• **PROBLEM STATEMENT**
Please give back all the records exactly, but keep the pictures out.

• **DATA FOR THIS TASK**
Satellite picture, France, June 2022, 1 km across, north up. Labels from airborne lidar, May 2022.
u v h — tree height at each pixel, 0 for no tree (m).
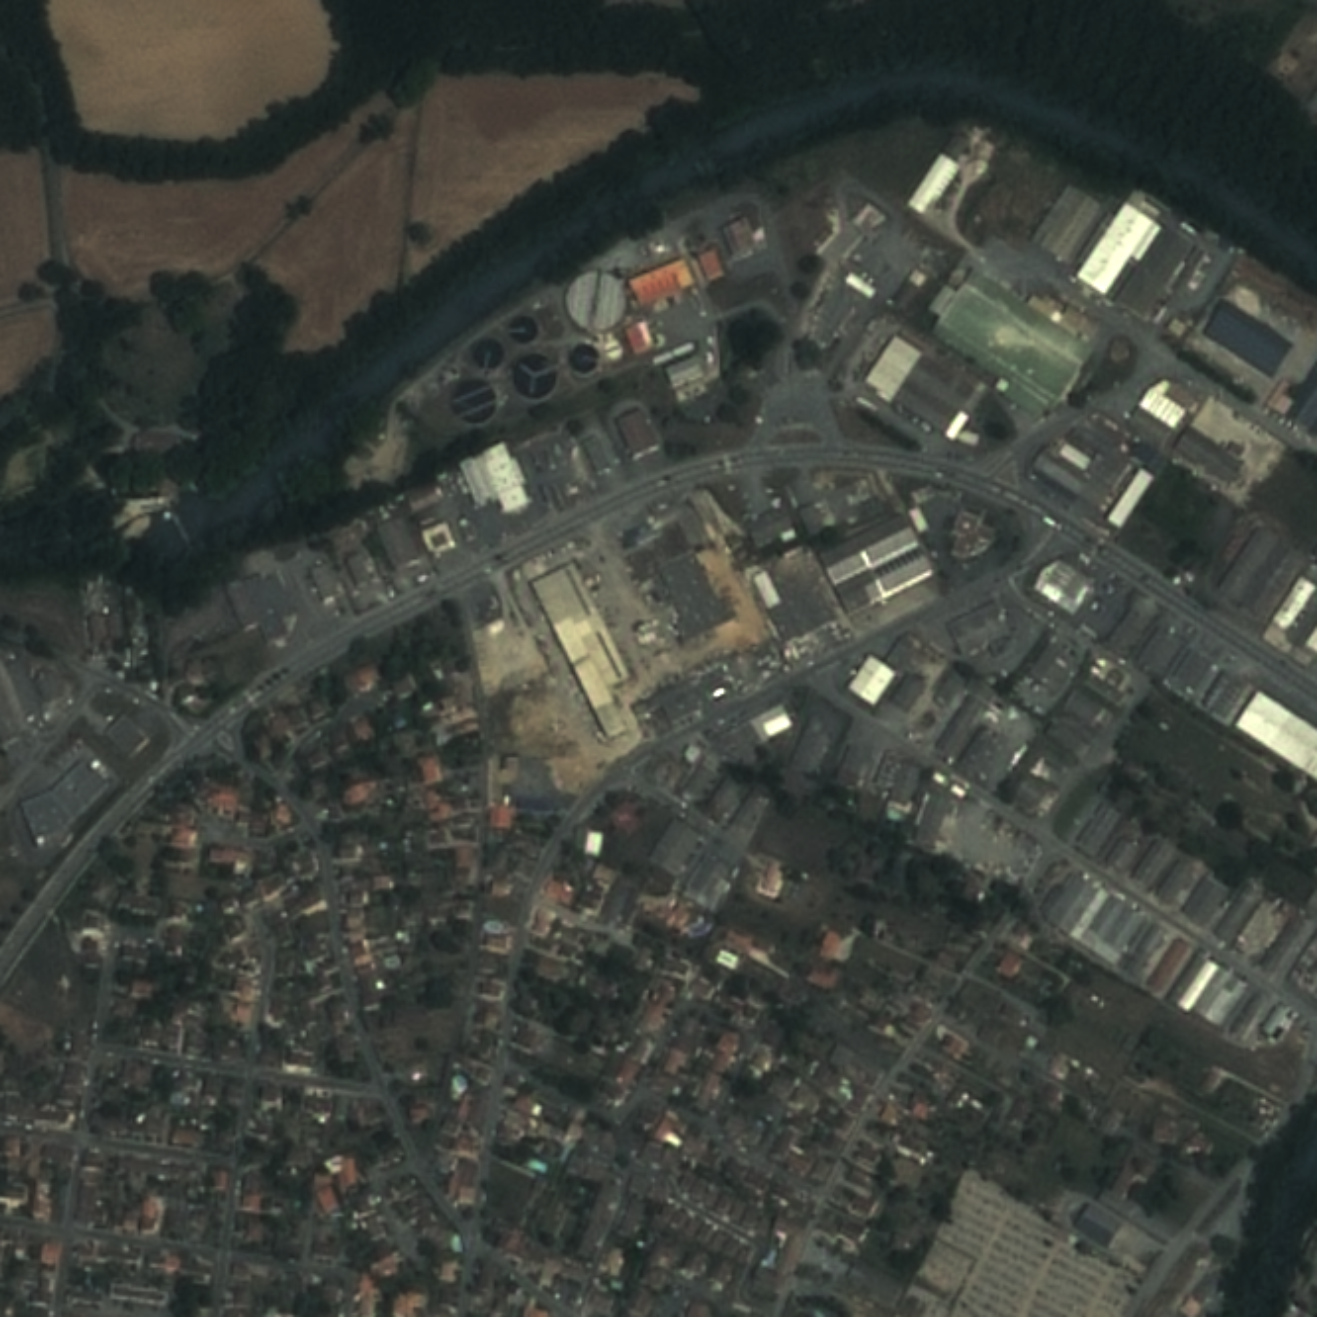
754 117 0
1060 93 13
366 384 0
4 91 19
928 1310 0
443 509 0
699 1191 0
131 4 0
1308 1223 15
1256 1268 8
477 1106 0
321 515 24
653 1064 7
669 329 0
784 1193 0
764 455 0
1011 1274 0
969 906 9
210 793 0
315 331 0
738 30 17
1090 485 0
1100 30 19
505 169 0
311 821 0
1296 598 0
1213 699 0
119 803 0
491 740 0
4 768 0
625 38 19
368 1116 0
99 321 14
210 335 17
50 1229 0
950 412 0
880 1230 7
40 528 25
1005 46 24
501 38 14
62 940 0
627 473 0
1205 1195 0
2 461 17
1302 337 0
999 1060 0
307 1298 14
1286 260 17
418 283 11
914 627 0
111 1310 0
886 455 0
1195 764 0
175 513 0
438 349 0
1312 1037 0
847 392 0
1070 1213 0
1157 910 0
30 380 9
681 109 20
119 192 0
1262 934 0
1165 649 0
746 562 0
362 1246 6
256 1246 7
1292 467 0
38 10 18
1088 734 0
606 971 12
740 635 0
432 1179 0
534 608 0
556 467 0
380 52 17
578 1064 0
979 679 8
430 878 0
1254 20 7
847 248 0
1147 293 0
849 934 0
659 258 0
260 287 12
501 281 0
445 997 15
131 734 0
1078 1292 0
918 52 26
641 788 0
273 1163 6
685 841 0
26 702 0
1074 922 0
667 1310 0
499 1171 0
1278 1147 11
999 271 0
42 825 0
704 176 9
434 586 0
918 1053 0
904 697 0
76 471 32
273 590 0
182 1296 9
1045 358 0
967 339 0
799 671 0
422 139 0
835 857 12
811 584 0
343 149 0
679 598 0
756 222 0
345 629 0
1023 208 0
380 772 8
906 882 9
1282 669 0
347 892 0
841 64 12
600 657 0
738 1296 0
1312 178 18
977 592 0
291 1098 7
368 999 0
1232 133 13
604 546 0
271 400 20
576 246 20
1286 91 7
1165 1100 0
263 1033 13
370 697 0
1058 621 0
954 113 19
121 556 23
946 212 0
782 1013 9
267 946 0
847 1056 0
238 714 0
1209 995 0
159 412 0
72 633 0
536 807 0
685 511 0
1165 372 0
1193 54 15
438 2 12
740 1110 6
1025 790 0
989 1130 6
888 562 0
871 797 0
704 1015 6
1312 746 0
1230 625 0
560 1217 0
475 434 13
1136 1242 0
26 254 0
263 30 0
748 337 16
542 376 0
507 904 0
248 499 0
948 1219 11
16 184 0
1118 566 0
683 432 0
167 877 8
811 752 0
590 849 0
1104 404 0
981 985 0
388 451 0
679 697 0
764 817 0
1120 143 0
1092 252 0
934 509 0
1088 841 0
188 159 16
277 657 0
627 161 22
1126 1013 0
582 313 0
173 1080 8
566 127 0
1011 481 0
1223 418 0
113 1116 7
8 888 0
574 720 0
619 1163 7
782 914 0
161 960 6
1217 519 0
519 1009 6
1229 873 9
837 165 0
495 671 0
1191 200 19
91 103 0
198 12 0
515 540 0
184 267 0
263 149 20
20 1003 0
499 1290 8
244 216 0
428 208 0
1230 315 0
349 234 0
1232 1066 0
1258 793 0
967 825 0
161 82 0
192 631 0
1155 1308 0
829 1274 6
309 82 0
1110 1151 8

• **EXERCISE ANSWER**
Satellite picture, France, June 2022, 1 km across, north up. Labels from airborne lidar, May 2022.
u v h — tree height at each pixel, 0 for no tree (m).
754 117 0
1060 93 13
366 384 0
4 91 19
928 1310 0
443 509 0
699 1191 0
131 4 0
1308 1223 15
1256 1268 8
477 1106 0
321 515 24
653 1064 7
669 329 0
784 1193 0
764 455 0
1011 1274 0
969 906 9
210 793 0
315 331 0
738 30 17
1090 485 0
1100 30 19
505 169 0
311 821 0
1296 598 0
1213 699 0
119 803 0
491 740 0
4 768 0
625 38 19
368 1116 0
99 321 14
210 335 17
50 1229 0
950 412 0
880 1230 7
40 528 25
1005 46 24
501 38 14
62 940 0
627 473 0
1205 1195 0
2 461 17
1302 337 0
999 1060 0
307 1298 14
1286 260 17
418 283 11
914 627 0
111 1310 0
886 455 0
1195 764 0
175 513 0
438 349 0
1312 1037 0
847 392 0
1070 1213 0
1157 910 0
30 380 9
681 109 20
119 192 0
1262 934 0
1165 649 0
746 562 0
362 1246 6
256 1246 7
1292 467 0
38 10 18
1088 734 0
606 971 12
740 635 0
432 1179 0
534 608 0
556 467 0
380 52 17
578 1064 0
979 679 8
430 878 0
1254 20 7
847 248 0
1147 293 0
849 934 0
659 258 0
260 287 12
501 281 0
445 997 15
131 734 0
1078 1292 0
918 52 26
641 788 0
273 1163 6
685 841 0
26 702 0
1074 922 0
667 1310 0
499 1171 0
1278 1147 11
999 271 0
42 825 0
704 176 9
434 586 0
918 1053 0
904 697 0
76 471 32
273 590 0
182 1296 9
1045 358 0
967 339 0
799 671 0
422 139 0
835 857 12
811 584 0
343 149 0
679 598 0
756 222 0
345 629 0
1023 208 0
380 772 8
906 882 9
1282 669 0
347 892 0
841 64 12
600 657 0
738 1296 0
1312 178 18
977 592 0
291 1098 7
368 999 0
1232 133 13
604 546 0
271 400 20
576 246 20
1286 91 7
1165 1100 0
263 1033 13
370 697 0
1058 621 0
954 113 19
121 556 23
946 212 0
782 1013 9
267 946 0
847 1056 0
238 714 0
1209 995 0
159 412 0
72 633 0
536 807 0
685 511 0
1165 372 0
1193 54 15
438 2 12
740 1110 6
1025 790 0
989 1130 6
888 562 0
871 797 0
704 1015 6
1312 746 0
1230 625 0
560 1217 0
475 434 13
1136 1242 0
26 254 0
263 30 0
748 337 16
542 376 0
507 904 0
248 499 0
948 1219 11
16 184 0
1118 566 0
683 432 0
167 877 8
811 752 0
590 849 0
1104 404 0
981 985 0
388 451 0
679 697 0
764 817 0
1120 143 0
1092 252 0
934 509 0
1088 841 0
188 159 16
277 657 0
627 161 22
1126 1013 0
582 313 0
173 1080 8
566 127 0
1011 481 0
1223 418 0
113 1116 7
8 888 0
574 720 0
619 1163 7
782 914 0
161 960 6
1217 519 0
519 1009 6
1229 873 9
837 165 0
495 671 0
1191 200 19
91 103 0
198 12 0
515 540 0
184 267 0
263 149 20
20 1003 0
499 1290 8
244 216 0
428 208 0
1230 315 0
349 234 0
1232 1066 0
1258 793 0
967 825 0
161 82 0
192 631 0
1155 1308 0
829 1274 6
309 82 0
1110 1151 8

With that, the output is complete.